Monday, 30 March 2020 Written by James Lawson

Photo: Sam Hiscox

Sorry’s debut album, ‘925’, stands as their first foray into more established means of music delivery after initially making their presence known via songs and mixtapes trickling out of their North London bedrooms. But that may also be where their brief flirtation with the norm ends, because Sorry are not a conventional rock band.

The hip hop-inspired ‘925’ finds them moving further away from the sonic territories currently occupied by their London contemporaries such as Goat Girl or Shame. Off-kilter from the start, the tone of the album is established by the opening track, Right Around the Clock, as piano keys resembling drunken footsteps are chased by intermittent brass blasts.

It’s easy to become immersed in the dour atmosphere that Asha Lorenz’s voice croakily punctuates, but it soon becomes stale as it seeps through every moment on the album, creating a sense of monotony and repetition. 

Though many of the sounds here are refreshingly original, it’s hard to shake the feeling that the whole project is made up of the same building blocks.

This creeping suspicion collides with the fact that some of the material on ‘925’ has already been released. The decision to include it here comes across with the same low effort effect as Louis O’Bryen’s occasional mumbles under the music. 

But the parts of Sorry’s unorthodox writing practice that should inject a breath of fresh air to proceedings also fall short. When Tears For Fears and Louis Armstrong lyrics are ‘sampled’ on Right Around the Clock and As the Sun Sets, they are presented with a lack of guile that suggests empty borrowing over second hand inspiration.

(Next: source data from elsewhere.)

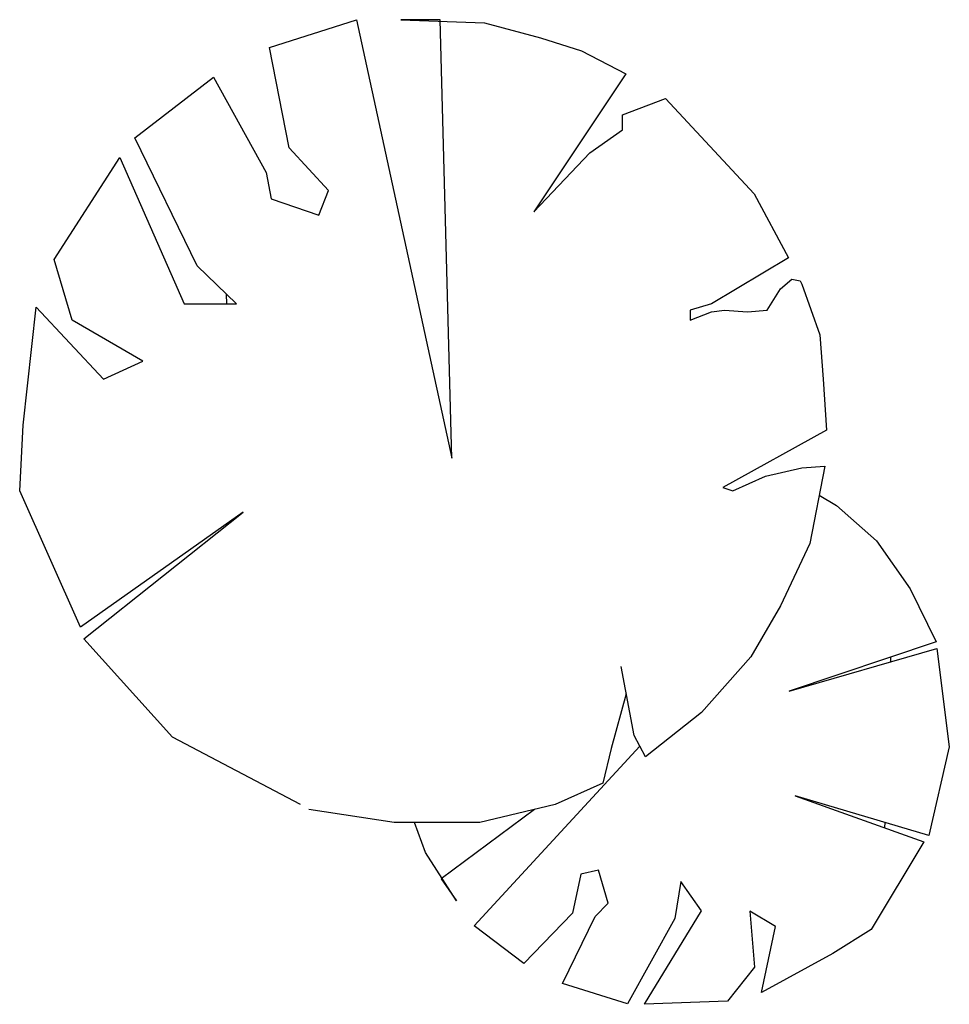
# Model space of a CAD drawing. Extents: x 35.72 to 37.6, y 22.23 to 24.22.
import ezdxf

# ---------------------------------------------------------------- set-up
doc = ezdxf.new("R2010")
doc.units = 0
doc.header["$MEASUREMENT"] = 0
doc.layers.get('0').update_dxf_attribs({"linetype": 'CONTINUOUS'})

msp = doc.modelspace()

# ---------------------------------------------------------------- linework, layer by layer
for p, q in [((36.2262, 24.1641), (36.4022, 24.2205)), ((36.4022, 24.2205), (36.5949, 23.3341)), ((36.5716, 24.2205), (36.4919, 24.2205)), ((36.4919, 24.2205), (36.6613, 24.2139)), ((36.5949, 23.3341), (36.5716, 24.2205)), ((36.6613, 24.2139), (36.7743, 24.184)), ((36.7743, 24.184), (36.8573, 24.1574)), ((36.2661, 23.9616), (36.2262, 24.1641)), ((36.8573, 24.1574), (36.947, 24.111)), ((36.947, 24.111), (36.761, 23.8321)), ((35.9538, 23.9815), (36.1133, 24.1043)), ((36.1133, 24.1043), (36.2196, 23.9118)), ((36.9403, 24.028), (37.0267, 24.0612)), ((37.0267, 24.0612), (37.2061, 23.8686)), ((36.9403, 23.9981), (36.9403, 24.028)), ((36.8739, 23.9516), (36.9403, 23.9981)), ((36.08, 23.7225), (35.9538, 23.9815)), ((36.3458, 23.8752), (36.2661, 23.9616)), ((36.761, 23.8321), (36.8739, 23.9516)), ((35.7911, 23.7358), (35.9239, 23.9416)), ((35.9239, 23.9416), (36.0535, 23.6462)), ((36.2196, 23.9118), (36.2295, 23.8586)), ((36.3258, 23.8254), (36.3458, 23.8752)), ((36.2295, 23.8586), (36.3258, 23.8254)), ((37.2061, 23.8686), (37.2758, 23.7391)), ((35.8276, 23.613), (35.7911, 23.7358)), ((37.2758, 23.7391), (37.1197, 23.6462)), ((36.1598, 23.6462), (36.08, 23.7225)), ((37.2592, 23.6761), (37.2825, 23.696)), ((37.2825, 23.696), (37.2991, 23.6927)), ((37.2991, 23.6927), (37.3024, 23.686)), ((37.2326, 23.6329), (37.2592, 23.6761)), ((37.3024, 23.686), (37.3389, 23.5831)), ((36.14, 23.6462), (36.1393, 23.6658)), ((35.728, 23.4005), (35.7545, 23.6395)), ((35.7545, 23.6395), (35.8907, 23.4935)), ((36.0535, 23.6462), (36.1598, 23.6462)), ((37.1197, 23.6462), (37.0765, 23.6329)), ((37.0765, 23.6329), (37.0765, 23.613)), ((37.1197, 23.6296), (37.1463, 23.6329)), ((37.1463, 23.6329), (37.1928, 23.6296)), ((37.1928, 23.6296), (37.2326, 23.6329)), ((35.9704, 23.53), (35.8276, 23.613)), ((37.0765, 23.613), (37.1197, 23.6296)), ((37.3389, 23.5831), (37.3456, 23.4935)), ((35.8907, 23.4935), (35.9704, 23.53)), ((37.3456, 23.4935), (37.3522, 23.3905)), ((35.7213, 23.2677), (35.728, 23.4005)), ((37.3522, 23.3905), (37.143, 23.2743)), ((37.2293, 23.2976), (37.3024, 23.3142)), ((37.3024, 23.3142), (37.3489, 23.3175)), ((37.3489, 23.3175), (37.319, 23.1615)), ((37.1629, 23.2677), (37.2293, 23.2976)), ((37.143, 23.2743), (37.1629, 23.2677)), ((35.8442, 22.9921), (35.7213, 23.2677)), ((37.3377, 23.2591), (37.3728, 23.2382)), ((37.3728, 23.2382), (37.4534, 23.1668)), ((36.1731, 23.2245), (35.8442, 22.9921)), ((35.8509, 22.9689), (36.1731, 23.2245)), ((37.319, 23.1615), (37.2592, 23.0353)), ((37.4534, 23.1668), (37.5213, 23.0698)), ((37.5213, 23.0698), (37.5743, 22.9623)), ((37.2592, 23.0353), (37.1994, 22.9324)), ((36.0302, 22.7697), (35.8509, 22.9689)), ((37.5743, 22.9623), (37.2773, 22.8628)), ((37.2773, 22.8628), (37.5753, 22.9491)), ((37.5753, 22.9491), (37.6007, 22.7501)), ((37.1994, 22.9324), (37.0998, 22.8195)), ((37.4821, 22.9314), (37.4818, 22.922)), ((37.4821, 22.9314), (37.4818, 22.922)), ((36.9636, 22.773), (36.937, 22.9125)), ((36.9475, 22.8577), (36.9171, 22.7465)), ((37.0998, 22.8195), (36.9868, 22.7299)), ((36.2893, 22.6336), (36.0302, 22.7697)), ((36.9868, 22.7299), (36.9636, 22.773)), ((36.6398, 22.3885), (36.9752, 22.7515)), ((36.9171, 22.7465), (36.9005, 22.6768)), ((37.6007, 22.7501), (37.5594, 22.5711)), ((36.9005, 22.6768), (36.8042, 22.6336)), ((37.2892, 22.6514), (37.549, 22.5582)), ((37.5594, 22.5711), (37.2892, 22.6514)), ((36.4786, 22.5971), (36.3059, 22.6236)), ((36.7624, 22.6236), (36.5732, 22.4836)), ((36.8042, 22.6336), (36.6514, 22.5971)), ((37.4701, 22.5976), (37.4697, 22.5866)), ((37.4701, 22.5976), (37.4697, 22.5866)), ((36.6514, 22.5971), (36.4786, 22.5971)), ((36.5417, 22.5366), (36.5194, 22.5971)), ((37.549, 22.5582), (37.4426, 22.3808)), ((36.6046, 22.4388), (36.5417, 22.5366)), ((36.8917, 22.5009), (36.8559, 22.4925)), ((36.9109, 22.4338), (36.8917, 22.5009)), ((36.5732, 22.4836), (36.6046, 22.4388)), ((36.8559, 22.4925), (36.8388, 22.4138)), ((37.0577, 22.4782), (37.0461, 22.4034)), ((37.0995, 22.4185), (37.0577, 22.4782)), ((36.885, 22.4073), (36.9109, 22.4338)), ((36.9845, 22.2296), (37.0995, 22.4185)), ((36.8388, 22.4138), (36.7407, 22.3118)), ((36.8187, 22.2719), (36.885, 22.4073)), ((37.0461, 22.4034), (36.9504, 22.2307)), ((37.1974, 22.4176), (37.2069, 22.3047)), ((37.2492, 22.3872), (37.1974, 22.4176)), ((36.7407, 22.3118), (36.6398, 22.3885)), ((37.2207, 22.2533), (37.2492, 22.3872)), ((37.4426, 22.3808), (37.3654, 22.3323)), ((37.3654, 22.3323), (37.2207, 22.2533)), ((37.2069, 22.3047), (37.1523, 22.2359)), ((36.9504, 22.2307), (36.8187, 22.2719)), ((37.1523, 22.2359), (36.9845, 22.2296))]:
    msp.add_line(p, q)

doc.saveas('drawing.dxf')

It does have to be said that there are moments of brilliant light piercing ‘925’. The sudden rap of saxophone and snare on Rock ‘n’ Roll Star masterfully drills through the eardrums, and there’s a definite itch-scratching satisfaction to be found in the doom-laden riff at the heart of In Unison. This is not a bad album, but it disappointingly fails in its main objective of breaking free from formula.